### TRY IT
Omitting all pictures, retype the entries below exactly as given.

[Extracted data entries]

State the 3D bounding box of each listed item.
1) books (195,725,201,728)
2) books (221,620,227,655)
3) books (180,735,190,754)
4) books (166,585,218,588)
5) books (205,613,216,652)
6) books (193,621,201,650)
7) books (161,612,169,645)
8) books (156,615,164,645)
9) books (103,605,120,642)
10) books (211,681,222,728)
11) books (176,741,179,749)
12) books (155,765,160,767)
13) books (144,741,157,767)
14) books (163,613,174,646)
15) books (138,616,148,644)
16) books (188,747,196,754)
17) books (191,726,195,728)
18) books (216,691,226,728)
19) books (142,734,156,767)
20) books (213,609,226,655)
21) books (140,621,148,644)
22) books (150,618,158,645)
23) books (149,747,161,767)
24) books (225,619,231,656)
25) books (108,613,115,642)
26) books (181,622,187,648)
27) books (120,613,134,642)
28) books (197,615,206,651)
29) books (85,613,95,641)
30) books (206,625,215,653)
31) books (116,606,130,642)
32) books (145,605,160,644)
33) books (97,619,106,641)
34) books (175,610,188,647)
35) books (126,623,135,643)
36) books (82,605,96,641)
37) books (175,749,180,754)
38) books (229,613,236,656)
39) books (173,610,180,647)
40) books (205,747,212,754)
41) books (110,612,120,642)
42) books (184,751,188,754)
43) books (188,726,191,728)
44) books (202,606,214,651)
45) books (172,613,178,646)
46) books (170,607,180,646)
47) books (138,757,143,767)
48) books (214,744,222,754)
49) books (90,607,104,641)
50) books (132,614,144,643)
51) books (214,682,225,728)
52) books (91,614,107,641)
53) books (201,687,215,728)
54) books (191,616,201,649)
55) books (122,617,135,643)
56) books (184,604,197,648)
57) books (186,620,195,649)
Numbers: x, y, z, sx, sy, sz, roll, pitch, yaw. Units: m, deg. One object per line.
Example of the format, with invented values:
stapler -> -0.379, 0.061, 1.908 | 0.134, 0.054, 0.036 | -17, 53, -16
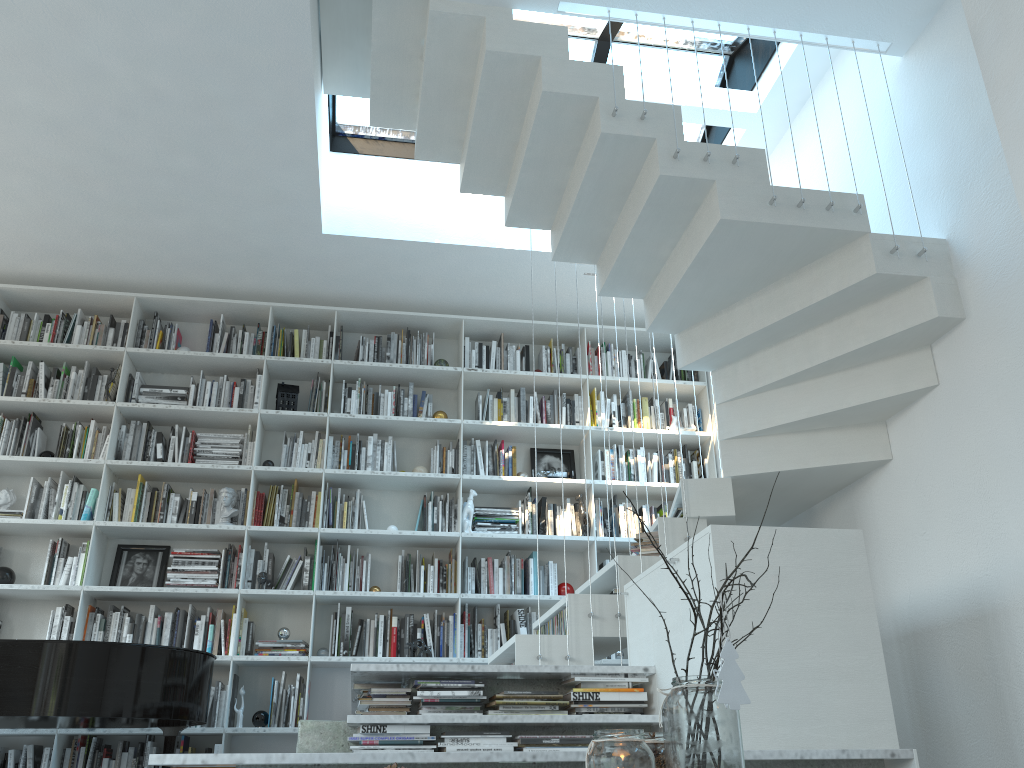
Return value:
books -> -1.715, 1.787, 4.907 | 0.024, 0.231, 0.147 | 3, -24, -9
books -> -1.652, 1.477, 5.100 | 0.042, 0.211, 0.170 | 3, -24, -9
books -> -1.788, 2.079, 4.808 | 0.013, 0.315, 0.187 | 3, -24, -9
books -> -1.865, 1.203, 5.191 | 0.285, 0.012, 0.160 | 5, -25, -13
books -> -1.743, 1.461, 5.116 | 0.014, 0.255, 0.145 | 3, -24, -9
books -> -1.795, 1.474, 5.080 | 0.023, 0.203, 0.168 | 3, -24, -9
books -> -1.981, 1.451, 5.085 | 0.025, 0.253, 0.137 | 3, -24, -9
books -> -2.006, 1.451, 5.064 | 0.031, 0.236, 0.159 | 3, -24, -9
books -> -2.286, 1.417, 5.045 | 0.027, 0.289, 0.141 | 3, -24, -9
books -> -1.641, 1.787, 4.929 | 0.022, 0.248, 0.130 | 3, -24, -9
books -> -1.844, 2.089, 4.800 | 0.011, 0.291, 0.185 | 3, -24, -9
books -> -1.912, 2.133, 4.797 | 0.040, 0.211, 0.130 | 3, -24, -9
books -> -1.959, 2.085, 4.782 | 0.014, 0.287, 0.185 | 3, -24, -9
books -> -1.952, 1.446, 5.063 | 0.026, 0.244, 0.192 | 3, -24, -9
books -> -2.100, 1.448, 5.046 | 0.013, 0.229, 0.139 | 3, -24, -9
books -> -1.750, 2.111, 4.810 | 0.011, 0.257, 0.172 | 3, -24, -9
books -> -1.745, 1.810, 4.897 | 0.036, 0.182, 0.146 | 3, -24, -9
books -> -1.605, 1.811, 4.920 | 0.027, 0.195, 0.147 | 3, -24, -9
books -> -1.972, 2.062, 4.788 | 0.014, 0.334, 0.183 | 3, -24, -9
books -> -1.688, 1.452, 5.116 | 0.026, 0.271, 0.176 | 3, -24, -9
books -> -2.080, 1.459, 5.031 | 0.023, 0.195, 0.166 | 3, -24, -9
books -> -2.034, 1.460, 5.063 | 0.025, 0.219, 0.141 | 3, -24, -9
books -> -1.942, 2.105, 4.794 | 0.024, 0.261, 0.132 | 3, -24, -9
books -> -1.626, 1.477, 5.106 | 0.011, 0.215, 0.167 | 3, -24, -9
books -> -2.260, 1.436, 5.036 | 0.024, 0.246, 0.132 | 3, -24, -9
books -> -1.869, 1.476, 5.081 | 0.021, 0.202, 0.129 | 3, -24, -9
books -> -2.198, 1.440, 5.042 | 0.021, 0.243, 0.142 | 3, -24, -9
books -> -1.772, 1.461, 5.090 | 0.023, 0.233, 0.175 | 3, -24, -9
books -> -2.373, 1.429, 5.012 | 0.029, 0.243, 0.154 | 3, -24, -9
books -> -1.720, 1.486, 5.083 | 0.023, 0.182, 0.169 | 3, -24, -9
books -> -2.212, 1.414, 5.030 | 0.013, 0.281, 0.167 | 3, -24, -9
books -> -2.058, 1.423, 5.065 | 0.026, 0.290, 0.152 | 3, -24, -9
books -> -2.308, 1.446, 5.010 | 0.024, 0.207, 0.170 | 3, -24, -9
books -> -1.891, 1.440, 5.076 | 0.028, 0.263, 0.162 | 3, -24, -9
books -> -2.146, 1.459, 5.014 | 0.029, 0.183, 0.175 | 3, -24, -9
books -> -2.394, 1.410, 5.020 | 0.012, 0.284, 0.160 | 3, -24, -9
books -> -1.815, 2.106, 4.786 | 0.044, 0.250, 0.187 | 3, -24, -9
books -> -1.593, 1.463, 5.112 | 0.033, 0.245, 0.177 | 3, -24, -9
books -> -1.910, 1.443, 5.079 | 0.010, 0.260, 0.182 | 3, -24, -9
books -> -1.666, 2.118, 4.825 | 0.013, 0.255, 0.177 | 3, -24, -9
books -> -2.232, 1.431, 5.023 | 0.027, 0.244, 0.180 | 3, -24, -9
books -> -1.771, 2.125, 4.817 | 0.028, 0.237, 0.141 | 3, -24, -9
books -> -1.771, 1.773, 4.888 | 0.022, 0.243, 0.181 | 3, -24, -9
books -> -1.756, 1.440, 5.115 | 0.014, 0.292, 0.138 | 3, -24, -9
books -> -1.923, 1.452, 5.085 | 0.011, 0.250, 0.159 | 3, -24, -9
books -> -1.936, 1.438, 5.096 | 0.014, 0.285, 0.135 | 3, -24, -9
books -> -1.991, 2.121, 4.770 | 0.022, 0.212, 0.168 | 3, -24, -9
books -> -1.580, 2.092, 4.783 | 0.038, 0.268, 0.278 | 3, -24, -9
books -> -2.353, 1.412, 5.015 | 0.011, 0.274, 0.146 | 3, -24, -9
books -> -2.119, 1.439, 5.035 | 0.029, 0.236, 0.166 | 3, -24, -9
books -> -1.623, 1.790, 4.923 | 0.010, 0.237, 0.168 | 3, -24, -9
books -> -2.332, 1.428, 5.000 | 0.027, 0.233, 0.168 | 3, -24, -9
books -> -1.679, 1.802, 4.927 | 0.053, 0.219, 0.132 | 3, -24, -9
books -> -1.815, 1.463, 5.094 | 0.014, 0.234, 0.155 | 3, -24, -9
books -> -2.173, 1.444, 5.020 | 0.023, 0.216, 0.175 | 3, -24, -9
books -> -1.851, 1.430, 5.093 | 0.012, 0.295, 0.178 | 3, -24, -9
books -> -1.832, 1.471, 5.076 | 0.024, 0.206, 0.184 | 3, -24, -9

### TASK OUTPUT
State the 3D bounding box of each listed item.
1) books (195,725,201,728)
2) books (221,620,227,655)
3) books (180,735,190,754)
4) books (166,585,218,588)
5) books (205,613,216,652)
6) books (193,621,201,650)
7) books (161,612,169,645)
8) books (156,615,164,645)
9) books (103,605,120,642)
10) books (211,681,222,728)
11) books (176,741,179,749)
12) books (155,765,160,767)
13) books (144,741,157,767)
14) books (163,613,174,646)
15) books (138,616,148,644)
16) books (188,747,196,754)
17) books (191,726,195,728)
18) books (216,691,226,728)
19) books (142,734,156,767)
20) books (213,609,226,655)
21) books (140,621,148,644)
22) books (150,618,158,645)
23) books (149,747,161,767)
24) books (225,619,231,656)
25) books (108,613,115,642)
26) books (181,622,187,648)
27) books (120,613,134,642)
28) books (197,615,206,651)
29) books (85,613,95,641)
30) books (206,625,215,653)
31) books (116,606,130,642)
32) books (145,605,160,644)
33) books (97,619,106,641)
34) books (175,610,188,647)
35) books (126,623,135,643)
36) books (82,605,96,641)
37) books (175,749,180,754)
38) books (229,613,236,656)
39) books (173,610,180,647)
40) books (205,747,212,754)
41) books (110,612,120,642)
42) books (184,751,188,754)
43) books (188,726,191,728)
44) books (202,606,214,651)
45) books (172,613,178,646)
46) books (170,607,180,646)
47) books (138,757,143,767)
48) books (214,744,222,754)
49) books (90,607,104,641)
50) books (132,614,144,643)
51) books (214,682,225,728)
52) books (91,614,107,641)
53) books (201,687,215,728)
54) books (191,616,201,649)
55) books (122,617,135,643)
56) books (184,604,197,648)
57) books (186,620,195,649)
Numbers: x, y, z, sx, sy, sz, roll, pitch, yaw. Units: m, deg. One object per line.
Example of the format, with invented values:
stapler -> -0.379, 0.061, 1.908 | 0.134, 0.054, 0.036 | -17, 53, -16
Return value:
books -> -1.715, 1.787, 4.907 | 0.024, 0.231, 0.147 | 3, -24, -9
books -> -1.652, 1.477, 5.100 | 0.042, 0.211, 0.170 | 3, -24, -9
books -> -1.788, 2.079, 4.808 | 0.013, 0.315, 0.187 | 3, -24, -9
books -> -1.865, 1.203, 5.191 | 0.285, 0.012, 0.160 | 5, -25, -13
books -> -1.743, 1.461, 5.116 | 0.014, 0.255, 0.145 | 3, -24, -9
books -> -1.795, 1.474, 5.080 | 0.023, 0.203, 0.168 | 3, -24, -9
books -> -1.981, 1.451, 5.085 | 0.025, 0.253, 0.137 | 3, -24, -9
books -> -2.006, 1.451, 5.064 | 0.031, 0.236, 0.159 | 3, -24, -9
books -> -2.286, 1.417, 5.045 | 0.027, 0.289, 0.141 | 3, -24, -9
books -> -1.641, 1.787, 4.929 | 0.022, 0.248, 0.130 | 3, -24, -9
books -> -1.844, 2.089, 4.800 | 0.011, 0.291, 0.185 | 3, -24, -9
books -> -1.912, 2.133, 4.797 | 0.040, 0.211, 0.130 | 3, -24, -9
books -> -1.959, 2.085, 4.782 | 0.014, 0.287, 0.185 | 3, -24, -9
books -> -1.952, 1.446, 5.063 | 0.026, 0.244, 0.192 | 3, -24, -9
books -> -2.100, 1.448, 5.046 | 0.013, 0.229, 0.139 | 3, -24, -9
books -> -1.750, 2.111, 4.810 | 0.011, 0.257, 0.172 | 3, -24, -9
books -> -1.745, 1.810, 4.897 | 0.036, 0.182, 0.146 | 3, -24, -9
books -> -1.605, 1.811, 4.920 | 0.027, 0.195, 0.147 | 3, -24, -9
books -> -1.972, 2.062, 4.788 | 0.014, 0.334, 0.183 | 3, -24, -9
books -> -1.688, 1.452, 5.116 | 0.026, 0.271, 0.176 | 3, -24, -9
books -> -2.080, 1.459, 5.031 | 0.023, 0.195, 0.166 | 3, -24, -9
books -> -2.034, 1.460, 5.063 | 0.025, 0.219, 0.141 | 3, -24, -9
books -> -1.942, 2.105, 4.794 | 0.024, 0.261, 0.132 | 3, -24, -9
books -> -1.626, 1.477, 5.106 | 0.011, 0.215, 0.167 | 3, -24, -9
books -> -2.260, 1.436, 5.036 | 0.024, 0.246, 0.132 | 3, -24, -9
books -> -1.869, 1.476, 5.081 | 0.021, 0.202, 0.129 | 3, -24, -9
books -> -2.198, 1.440, 5.042 | 0.021, 0.243, 0.142 | 3, -24, -9
books -> -1.772, 1.461, 5.090 | 0.023, 0.233, 0.175 | 3, -24, -9
books -> -2.373, 1.429, 5.012 | 0.029, 0.243, 0.154 | 3, -24, -9
books -> -1.720, 1.486, 5.083 | 0.023, 0.182, 0.169 | 3, -24, -9
books -> -2.212, 1.414, 5.030 | 0.013, 0.281, 0.167 | 3, -24, -9
books -> -2.058, 1.423, 5.065 | 0.026, 0.290, 0.152 | 3, -24, -9
books -> -2.308, 1.446, 5.010 | 0.024, 0.207, 0.170 | 3, -24, -9
books -> -1.891, 1.440, 5.076 | 0.028, 0.263, 0.162 | 3, -24, -9
books -> -2.146, 1.459, 5.014 | 0.029, 0.183, 0.175 | 3, -24, -9
books -> -2.394, 1.410, 5.020 | 0.012, 0.284, 0.160 | 3, -24, -9
books -> -1.815, 2.106, 4.786 | 0.044, 0.250, 0.187 | 3, -24, -9
books -> -1.593, 1.463, 5.112 | 0.033, 0.245, 0.177 | 3, -24, -9
books -> -1.910, 1.443, 5.079 | 0.010, 0.260, 0.182 | 3, -24, -9
books -> -1.666, 2.118, 4.825 | 0.013, 0.255, 0.177 | 3, -24, -9
books -> -2.232, 1.431, 5.023 | 0.027, 0.244, 0.180 | 3, -24, -9
books -> -1.771, 2.125, 4.817 | 0.028, 0.237, 0.141 | 3, -24, -9
books -> -1.771, 1.773, 4.888 | 0.022, 0.243, 0.181 | 3, -24, -9
books -> -1.756, 1.440, 5.115 | 0.014, 0.292, 0.138 | 3, -24, -9
books -> -1.923, 1.452, 5.085 | 0.011, 0.250, 0.159 | 3, -24, -9
books -> -1.936, 1.438, 5.096 | 0.014, 0.285, 0.135 | 3, -24, -9
books -> -1.991, 2.121, 4.770 | 0.022, 0.212, 0.168 | 3, -24, -9
books -> -1.580, 2.092, 4.783 | 0.038, 0.268, 0.278 | 3, -24, -9
books -> -2.353, 1.412, 5.015 | 0.011, 0.274, 0.146 | 3, -24, -9
books -> -2.119, 1.439, 5.035 | 0.029, 0.236, 0.166 | 3, -24, -9
books -> -1.623, 1.790, 4.923 | 0.010, 0.237, 0.168 | 3, -24, -9
books -> -2.332, 1.428, 5.000 | 0.027, 0.233, 0.168 | 3, -24, -9
books -> -1.679, 1.802, 4.927 | 0.053, 0.219, 0.132 | 3, -24, -9
books -> -1.815, 1.463, 5.094 | 0.014, 0.234, 0.155 | 3, -24, -9
books -> -2.173, 1.444, 5.020 | 0.023, 0.216, 0.175 | 3, -24, -9
books -> -1.851, 1.430, 5.093 | 0.012, 0.295, 0.178 | 3, -24, -9
books -> -1.832, 1.471, 5.076 | 0.024, 0.206, 0.184 | 3, -24, -9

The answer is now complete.